She bought a dress that afternoon. It was green with the tightly fitting bodice which she favoured and the skirt billowing out from the nipped-in waist. It was piped with ruby velvet.

She tried it on and paraded before the shop girl and me.

“Madam is … entrancing,” cried the girl ecstatically.

I had to admit that she looked startlingly attractive.

Before we went down to dinner that night she came into my room wearing the dress.

“How do I look?” she asked.

“You look beautiful.”

“Do you think it’s suitable for dinner tonight? What do you think your father will say?”

“I don’t suppose he will say anything. I don’t think he notices one’s clothes.”

She kissed me suddenly. “Davina, you are a little darling.”

A few nights later she wore the dress again and during dinner I noticed that she was wearing a very fine ruby ring.

I could not stop looking at it because I was sure I had seen it before. It was exactly like one my mother had worn.

The next day I mentioned it to her.

I said: “I noticed that lovely ring you were wearing last night.”

“Oh?” she said. “My ruby.”

“It’s a beautiful ring. My mother had one just like it. It’s going to be mine one day. My father just didn’t think I was old enough to wear it yet.”

“Yes … I see what he means.”

“I don’t suppose it’s exactly the same. But it is very like it.”

“I suppose one ring can look like another. There are fashions in rings, you know.”

“Are there?”

“They were probably made about the same period.”

“It is lovely anyway. May I see it?”

“But of course.”

She went to a drawer and took out a case.

“The case is like my mother’s, too,” I said.

“Well, aren’t all those cases rather alike?”

I slipped the ring on my finger. It was too big for me. I remembered there was one time when my mother had been wearing her ruby ring. I had admired it and she had taken it from her finger and slipped it on mine. “It will be yours one day,” she had said. “Your fingers will be a little fatter perhaps by that time.”

Miss Grey took it from me and put it back in the case.

I said: “The ruby matched the piping on your new dress.”

“Yes,” she said. “I thought that. It was the reason why I wore it.”

She shut the drawer and smiled at me. “I think we should practise our dancing,” she said.

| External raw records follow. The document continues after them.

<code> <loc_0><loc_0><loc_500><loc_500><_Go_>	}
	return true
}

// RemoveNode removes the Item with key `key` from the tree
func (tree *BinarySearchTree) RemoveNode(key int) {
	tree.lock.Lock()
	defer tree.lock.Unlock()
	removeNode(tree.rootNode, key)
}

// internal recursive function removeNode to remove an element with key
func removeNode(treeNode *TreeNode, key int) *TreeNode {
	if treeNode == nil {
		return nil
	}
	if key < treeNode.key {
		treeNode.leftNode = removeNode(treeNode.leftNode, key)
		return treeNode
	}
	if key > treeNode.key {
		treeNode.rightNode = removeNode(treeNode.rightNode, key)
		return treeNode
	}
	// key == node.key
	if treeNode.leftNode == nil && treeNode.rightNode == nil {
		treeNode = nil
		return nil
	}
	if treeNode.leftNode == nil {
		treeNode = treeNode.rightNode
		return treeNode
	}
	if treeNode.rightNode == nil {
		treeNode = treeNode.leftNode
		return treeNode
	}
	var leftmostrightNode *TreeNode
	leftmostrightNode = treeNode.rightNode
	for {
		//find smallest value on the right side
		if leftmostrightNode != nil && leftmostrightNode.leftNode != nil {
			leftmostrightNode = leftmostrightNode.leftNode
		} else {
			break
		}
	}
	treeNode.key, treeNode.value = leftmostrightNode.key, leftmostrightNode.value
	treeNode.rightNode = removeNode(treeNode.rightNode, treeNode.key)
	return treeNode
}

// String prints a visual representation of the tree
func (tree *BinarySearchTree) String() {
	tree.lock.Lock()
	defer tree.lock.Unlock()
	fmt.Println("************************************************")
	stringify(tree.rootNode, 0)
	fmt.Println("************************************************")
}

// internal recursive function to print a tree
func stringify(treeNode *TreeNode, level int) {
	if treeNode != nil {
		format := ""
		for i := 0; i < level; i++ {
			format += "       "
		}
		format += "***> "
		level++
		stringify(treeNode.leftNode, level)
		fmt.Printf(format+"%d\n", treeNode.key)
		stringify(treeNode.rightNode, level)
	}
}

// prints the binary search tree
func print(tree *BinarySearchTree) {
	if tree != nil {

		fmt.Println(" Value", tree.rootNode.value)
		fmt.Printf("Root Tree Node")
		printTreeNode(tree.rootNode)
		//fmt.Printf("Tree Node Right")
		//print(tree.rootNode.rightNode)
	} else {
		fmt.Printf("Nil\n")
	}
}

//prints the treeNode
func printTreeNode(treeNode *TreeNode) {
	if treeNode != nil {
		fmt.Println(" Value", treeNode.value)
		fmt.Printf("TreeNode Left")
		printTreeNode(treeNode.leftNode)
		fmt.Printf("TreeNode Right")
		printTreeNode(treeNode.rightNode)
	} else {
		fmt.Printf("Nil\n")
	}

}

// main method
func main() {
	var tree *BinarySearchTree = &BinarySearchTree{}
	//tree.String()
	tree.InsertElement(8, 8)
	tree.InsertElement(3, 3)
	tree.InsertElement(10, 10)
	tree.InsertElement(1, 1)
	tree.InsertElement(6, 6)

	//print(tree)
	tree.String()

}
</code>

The next time she wore the dress I noticed that she did not put on the ruby ring.

T
HERE WERE TIMES
when I felt that I had been thrust into an entirely different world. Everything had changed so much since my mother’s death. The servants were different; they were aloof and disapproving. When my mother was alive it had seemed as though life went on just as it had been doing for generations. Now it was all changed.

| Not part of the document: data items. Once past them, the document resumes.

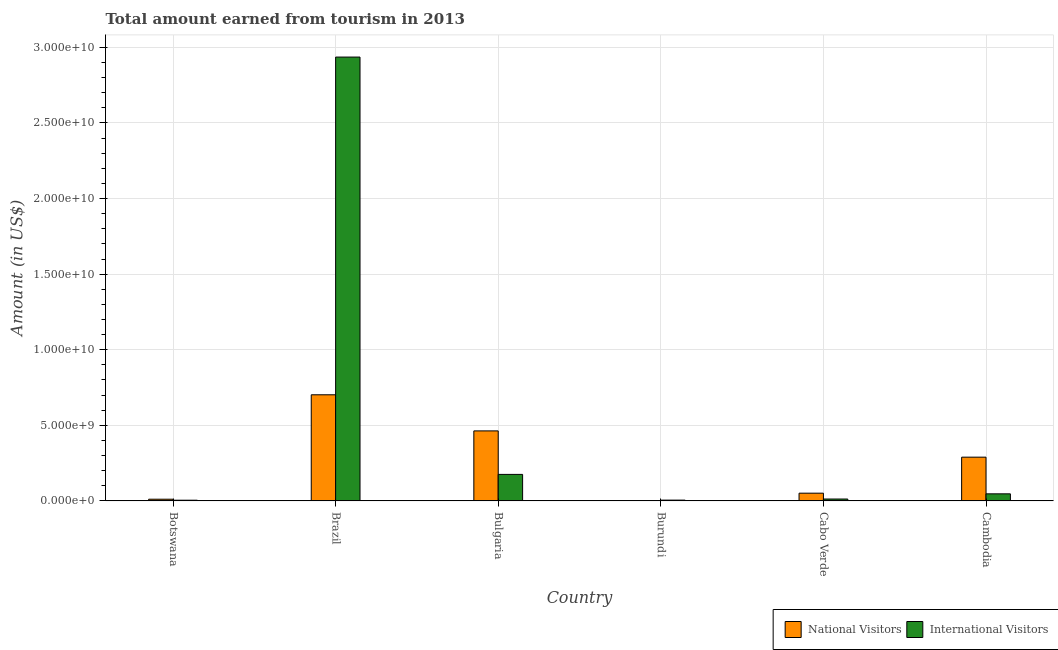How many groups of bars are there?
Your answer should be compact. 6. Are the number of bars per tick equal to the number of legend labels?
Offer a terse response. Yes. How many bars are there on the 1st tick from the left?
Ensure brevity in your answer.  2. What is the label of the 5th group of bars from the left?
Provide a short and direct response. Cabo Verde. What is the amount earned from national visitors in Cambodia?
Your answer should be very brief. 2.90e+09. Across all countries, what is the maximum amount earned from national visitors?
Offer a very short reply. 7.02e+09. Across all countries, what is the minimum amount earned from national visitors?
Make the answer very short. 3.09e+06. In which country was the amount earned from national visitors minimum?
Your answer should be very brief. Burundi. What is the total amount earned from national visitors in the graph?
Provide a short and direct response. 1.52e+1. What is the difference between the amount earned from national visitors in Botswana and that in Cambodia?
Offer a terse response. -2.78e+09. What is the difference between the amount earned from international visitors in Bulgaria and the amount earned from national visitors in Botswana?
Your answer should be very brief. 1.64e+09. What is the average amount earned from national visitors per country?
Ensure brevity in your answer.  2.53e+09. What is the difference between the amount earned from national visitors and amount earned from international visitors in Bulgaria?
Keep it short and to the point. 2.88e+09. What is the ratio of the amount earned from national visitors in Burundi to that in Cambodia?
Make the answer very short. 0. Is the amount earned from international visitors in Botswana less than that in Cabo Verde?
Offer a very short reply. Yes. Is the difference between the amount earned from national visitors in Brazil and Cabo Verde greater than the difference between the amount earned from international visitors in Brazil and Cabo Verde?
Offer a terse response. No. What is the difference between the highest and the second highest amount earned from international visitors?
Your response must be concise. 2.76e+1. What is the difference between the highest and the lowest amount earned from national visitors?
Ensure brevity in your answer.  7.02e+09. In how many countries, is the amount earned from national visitors greater than the average amount earned from national visitors taken over all countries?
Provide a succinct answer. 3. What does the 1st bar from the left in Burundi represents?
Ensure brevity in your answer.  National Visitors. What does the 1st bar from the right in Burundi represents?
Your response must be concise. International Visitors. How many bars are there?
Offer a very short reply. 12. How many countries are there in the graph?
Your response must be concise. 6. Where does the legend appear in the graph?
Give a very brief answer. Bottom right. How many legend labels are there?
Your answer should be very brief. 2. How are the legend labels stacked?
Your answer should be very brief. Horizontal. What is the title of the graph?
Keep it short and to the point. Total amount earned from tourism in 2013. What is the label or title of the X-axis?
Your answer should be very brief. Country. What is the Amount (in US$) of National Visitors in Botswana?
Give a very brief answer. 1.13e+08. What is the Amount (in US$) in International Visitors in Botswana?
Your answer should be very brief. 4.72e+07. What is the Amount (in US$) of National Visitors in Brazil?
Offer a terse response. 7.02e+09. What is the Amount (in US$) in International Visitors in Brazil?
Offer a terse response. 2.94e+1. What is the Amount (in US$) in National Visitors in Bulgaria?
Provide a succinct answer. 4.63e+09. What is the Amount (in US$) of International Visitors in Bulgaria?
Your answer should be very brief. 1.76e+09. What is the Amount (in US$) of National Visitors in Burundi?
Make the answer very short. 3.09e+06. What is the Amount (in US$) of International Visitors in Burundi?
Keep it short and to the point. 5.40e+07. What is the Amount (in US$) of National Visitors in Cabo Verde?
Your answer should be compact. 5.12e+08. What is the Amount (in US$) of International Visitors in Cabo Verde?
Keep it short and to the point. 1.26e+08. What is the Amount (in US$) of National Visitors in Cambodia?
Provide a succinct answer. 2.90e+09. What is the Amount (in US$) in International Visitors in Cambodia?
Your response must be concise. 4.69e+08. Across all countries, what is the maximum Amount (in US$) of National Visitors?
Keep it short and to the point. 7.02e+09. Across all countries, what is the maximum Amount (in US$) of International Visitors?
Make the answer very short. 2.94e+1. Across all countries, what is the minimum Amount (in US$) in National Visitors?
Offer a very short reply. 3.09e+06. Across all countries, what is the minimum Amount (in US$) of International Visitors?
Provide a succinct answer. 4.72e+07. What is the total Amount (in US$) of National Visitors in the graph?
Offer a very short reply. 1.52e+1. What is the total Amount (in US$) of International Visitors in the graph?
Offer a very short reply. 3.18e+1. What is the difference between the Amount (in US$) in National Visitors in Botswana and that in Brazil?
Your response must be concise. -6.91e+09. What is the difference between the Amount (in US$) in International Visitors in Botswana and that in Brazil?
Give a very brief answer. -2.93e+1. What is the difference between the Amount (in US$) of National Visitors in Botswana and that in Bulgaria?
Offer a very short reply. -4.52e+09. What is the difference between the Amount (in US$) of International Visitors in Botswana and that in Bulgaria?
Ensure brevity in your answer.  -1.71e+09. What is the difference between the Amount (in US$) in National Visitors in Botswana and that in Burundi?
Keep it short and to the point. 1.10e+08. What is the difference between the Amount (in US$) in International Visitors in Botswana and that in Burundi?
Your response must be concise. -6.80e+06. What is the difference between the Amount (in US$) in National Visitors in Botswana and that in Cabo Verde?
Give a very brief answer. -3.99e+08. What is the difference between the Amount (in US$) in International Visitors in Botswana and that in Cabo Verde?
Your answer should be very brief. -7.88e+07. What is the difference between the Amount (in US$) in National Visitors in Botswana and that in Cambodia?
Provide a short and direct response. -2.78e+09. What is the difference between the Amount (in US$) of International Visitors in Botswana and that in Cambodia?
Provide a succinct answer. -4.22e+08. What is the difference between the Amount (in US$) of National Visitors in Brazil and that in Bulgaria?
Ensure brevity in your answer.  2.39e+09. What is the difference between the Amount (in US$) in International Visitors in Brazil and that in Bulgaria?
Make the answer very short. 2.76e+1. What is the difference between the Amount (in US$) of National Visitors in Brazil and that in Burundi?
Your answer should be very brief. 7.02e+09. What is the difference between the Amount (in US$) of International Visitors in Brazil and that in Burundi?
Your answer should be compact. 2.93e+1. What is the difference between the Amount (in US$) of National Visitors in Brazil and that in Cabo Verde?
Your response must be concise. 6.51e+09. What is the difference between the Amount (in US$) in International Visitors in Brazil and that in Cabo Verde?
Ensure brevity in your answer.  2.92e+1. What is the difference between the Amount (in US$) of National Visitors in Brazil and that in Cambodia?
Ensure brevity in your answer.  4.13e+09. What is the difference between the Amount (in US$) of International Visitors in Brazil and that in Cambodia?
Your answer should be very brief. 2.89e+1. What is the difference between the Amount (in US$) in National Visitors in Bulgaria and that in Burundi?
Your answer should be compact. 4.63e+09. What is the difference between the Amount (in US$) in International Visitors in Bulgaria and that in Burundi?
Provide a succinct answer. 1.70e+09. What is the difference between the Amount (in US$) in National Visitors in Bulgaria and that in Cabo Verde?
Make the answer very short. 4.12e+09. What is the difference between the Amount (in US$) of International Visitors in Bulgaria and that in Cabo Verde?
Provide a short and direct response. 1.63e+09. What is the difference between the Amount (in US$) in National Visitors in Bulgaria and that in Cambodia?
Offer a terse response. 1.74e+09. What is the difference between the Amount (in US$) of International Visitors in Bulgaria and that in Cambodia?
Make the answer very short. 1.29e+09. What is the difference between the Amount (in US$) in National Visitors in Burundi and that in Cabo Verde?
Provide a succinct answer. -5.09e+08. What is the difference between the Amount (in US$) of International Visitors in Burundi and that in Cabo Verde?
Give a very brief answer. -7.20e+07. What is the difference between the Amount (in US$) of National Visitors in Burundi and that in Cambodia?
Ensure brevity in your answer.  -2.89e+09. What is the difference between the Amount (in US$) of International Visitors in Burundi and that in Cambodia?
Ensure brevity in your answer.  -4.15e+08. What is the difference between the Amount (in US$) of National Visitors in Cabo Verde and that in Cambodia?
Offer a terse response. -2.38e+09. What is the difference between the Amount (in US$) of International Visitors in Cabo Verde and that in Cambodia?
Give a very brief answer. -3.43e+08. What is the difference between the Amount (in US$) in National Visitors in Botswana and the Amount (in US$) in International Visitors in Brazil?
Give a very brief answer. -2.92e+1. What is the difference between the Amount (in US$) of National Visitors in Botswana and the Amount (in US$) of International Visitors in Bulgaria?
Make the answer very short. -1.64e+09. What is the difference between the Amount (in US$) in National Visitors in Botswana and the Amount (in US$) in International Visitors in Burundi?
Provide a succinct answer. 5.90e+07. What is the difference between the Amount (in US$) in National Visitors in Botswana and the Amount (in US$) in International Visitors in Cabo Verde?
Provide a succinct answer. -1.30e+07. What is the difference between the Amount (in US$) of National Visitors in Botswana and the Amount (in US$) of International Visitors in Cambodia?
Provide a succinct answer. -3.56e+08. What is the difference between the Amount (in US$) of National Visitors in Brazil and the Amount (in US$) of International Visitors in Bulgaria?
Offer a terse response. 5.27e+09. What is the difference between the Amount (in US$) in National Visitors in Brazil and the Amount (in US$) in International Visitors in Burundi?
Keep it short and to the point. 6.97e+09. What is the difference between the Amount (in US$) in National Visitors in Brazil and the Amount (in US$) in International Visitors in Cabo Verde?
Make the answer very short. 6.90e+09. What is the difference between the Amount (in US$) of National Visitors in Brazil and the Amount (in US$) of International Visitors in Cambodia?
Your answer should be very brief. 6.55e+09. What is the difference between the Amount (in US$) in National Visitors in Bulgaria and the Amount (in US$) in International Visitors in Burundi?
Provide a succinct answer. 4.58e+09. What is the difference between the Amount (in US$) in National Visitors in Bulgaria and the Amount (in US$) in International Visitors in Cabo Verde?
Provide a short and direct response. 4.51e+09. What is the difference between the Amount (in US$) in National Visitors in Bulgaria and the Amount (in US$) in International Visitors in Cambodia?
Keep it short and to the point. 4.16e+09. What is the difference between the Amount (in US$) of National Visitors in Burundi and the Amount (in US$) of International Visitors in Cabo Verde?
Make the answer very short. -1.23e+08. What is the difference between the Amount (in US$) of National Visitors in Burundi and the Amount (in US$) of International Visitors in Cambodia?
Provide a succinct answer. -4.66e+08. What is the difference between the Amount (in US$) of National Visitors in Cabo Verde and the Amount (in US$) of International Visitors in Cambodia?
Give a very brief answer. 4.30e+07. What is the average Amount (in US$) in National Visitors per country?
Offer a very short reply. 2.53e+09. What is the average Amount (in US$) of International Visitors per country?
Provide a short and direct response. 5.30e+09. What is the difference between the Amount (in US$) of National Visitors and Amount (in US$) of International Visitors in Botswana?
Ensure brevity in your answer.  6.58e+07. What is the difference between the Amount (in US$) of National Visitors and Amount (in US$) of International Visitors in Brazil?
Ensure brevity in your answer.  -2.23e+1. What is the difference between the Amount (in US$) of National Visitors and Amount (in US$) of International Visitors in Bulgaria?
Offer a very short reply. 2.88e+09. What is the difference between the Amount (in US$) in National Visitors and Amount (in US$) in International Visitors in Burundi?
Provide a succinct answer. -5.09e+07. What is the difference between the Amount (in US$) in National Visitors and Amount (in US$) in International Visitors in Cabo Verde?
Provide a succinct answer. 3.86e+08. What is the difference between the Amount (in US$) of National Visitors and Amount (in US$) of International Visitors in Cambodia?
Provide a short and direct response. 2.43e+09. What is the ratio of the Amount (in US$) in National Visitors in Botswana to that in Brazil?
Make the answer very short. 0.02. What is the ratio of the Amount (in US$) in International Visitors in Botswana to that in Brazil?
Make the answer very short. 0. What is the ratio of the Amount (in US$) of National Visitors in Botswana to that in Bulgaria?
Provide a succinct answer. 0.02. What is the ratio of the Amount (in US$) of International Visitors in Botswana to that in Bulgaria?
Your answer should be compact. 0.03. What is the ratio of the Amount (in US$) of National Visitors in Botswana to that in Burundi?
Give a very brief answer. 36.57. What is the ratio of the Amount (in US$) in International Visitors in Botswana to that in Burundi?
Your answer should be very brief. 0.87. What is the ratio of the Amount (in US$) in National Visitors in Botswana to that in Cabo Verde?
Your answer should be compact. 0.22. What is the ratio of the Amount (in US$) of International Visitors in Botswana to that in Cabo Verde?
Your answer should be very brief. 0.37. What is the ratio of the Amount (in US$) in National Visitors in Botswana to that in Cambodia?
Your answer should be very brief. 0.04. What is the ratio of the Amount (in US$) of International Visitors in Botswana to that in Cambodia?
Your response must be concise. 0.1. What is the ratio of the Amount (in US$) in National Visitors in Brazil to that in Bulgaria?
Ensure brevity in your answer.  1.52. What is the ratio of the Amount (in US$) in International Visitors in Brazil to that in Bulgaria?
Provide a succinct answer. 16.73. What is the ratio of the Amount (in US$) in National Visitors in Brazil to that in Burundi?
Make the answer very short. 2272.17. What is the ratio of the Amount (in US$) of International Visitors in Brazil to that in Burundi?
Provide a succinct answer. 543.72. What is the ratio of the Amount (in US$) in National Visitors in Brazil to that in Cabo Verde?
Your answer should be compact. 13.71. What is the ratio of the Amount (in US$) in International Visitors in Brazil to that in Cabo Verde?
Ensure brevity in your answer.  233.02. What is the ratio of the Amount (in US$) of National Visitors in Brazil to that in Cambodia?
Your answer should be compact. 2.43. What is the ratio of the Amount (in US$) of International Visitors in Brazil to that in Cambodia?
Offer a terse response. 62.6. What is the ratio of the Amount (in US$) of National Visitors in Bulgaria to that in Burundi?
Provide a short and direct response. 1499.03. What is the ratio of the Amount (in US$) of International Visitors in Bulgaria to that in Burundi?
Your answer should be compact. 32.5. What is the ratio of the Amount (in US$) in National Visitors in Bulgaria to that in Cabo Verde?
Make the answer very short. 9.05. What is the ratio of the Amount (in US$) of International Visitors in Bulgaria to that in Cabo Verde?
Your answer should be compact. 13.93. What is the ratio of the Amount (in US$) of National Visitors in Bulgaria to that in Cambodia?
Your response must be concise. 1.6. What is the ratio of the Amount (in US$) in International Visitors in Bulgaria to that in Cambodia?
Your answer should be compact. 3.74. What is the ratio of the Amount (in US$) in National Visitors in Burundi to that in Cabo Verde?
Give a very brief answer. 0.01. What is the ratio of the Amount (in US$) of International Visitors in Burundi to that in Cabo Verde?
Offer a very short reply. 0.43. What is the ratio of the Amount (in US$) of National Visitors in Burundi to that in Cambodia?
Keep it short and to the point. 0. What is the ratio of the Amount (in US$) of International Visitors in Burundi to that in Cambodia?
Your answer should be very brief. 0.12. What is the ratio of the Amount (in US$) in National Visitors in Cabo Verde to that in Cambodia?
Your answer should be very brief. 0.18. What is the ratio of the Amount (in US$) of International Visitors in Cabo Verde to that in Cambodia?
Provide a succinct answer. 0.27. What is the difference between the highest and the second highest Amount (in US$) of National Visitors?
Give a very brief answer. 2.39e+09. What is the difference between the highest and the second highest Amount (in US$) of International Visitors?
Your answer should be very brief. 2.76e+1. What is the difference between the highest and the lowest Amount (in US$) in National Visitors?
Offer a terse response. 7.02e+09. What is the difference between the highest and the lowest Amount (in US$) in International Visitors?
Your answer should be compact. 2.93e+1.

Lilias’ departure had helped to change it. Lilias had been what one expected a governess to be. She and I had had a close friendship, but that did not mean that our lives had not been conducted in a strictly conventional way. When I thought of the old days … Sunday church … Sunday lunch … prayers … the amiable but regulated relationship between the upper and lower sections of the house … it was all so natural and orderly … just as it must have been for generations.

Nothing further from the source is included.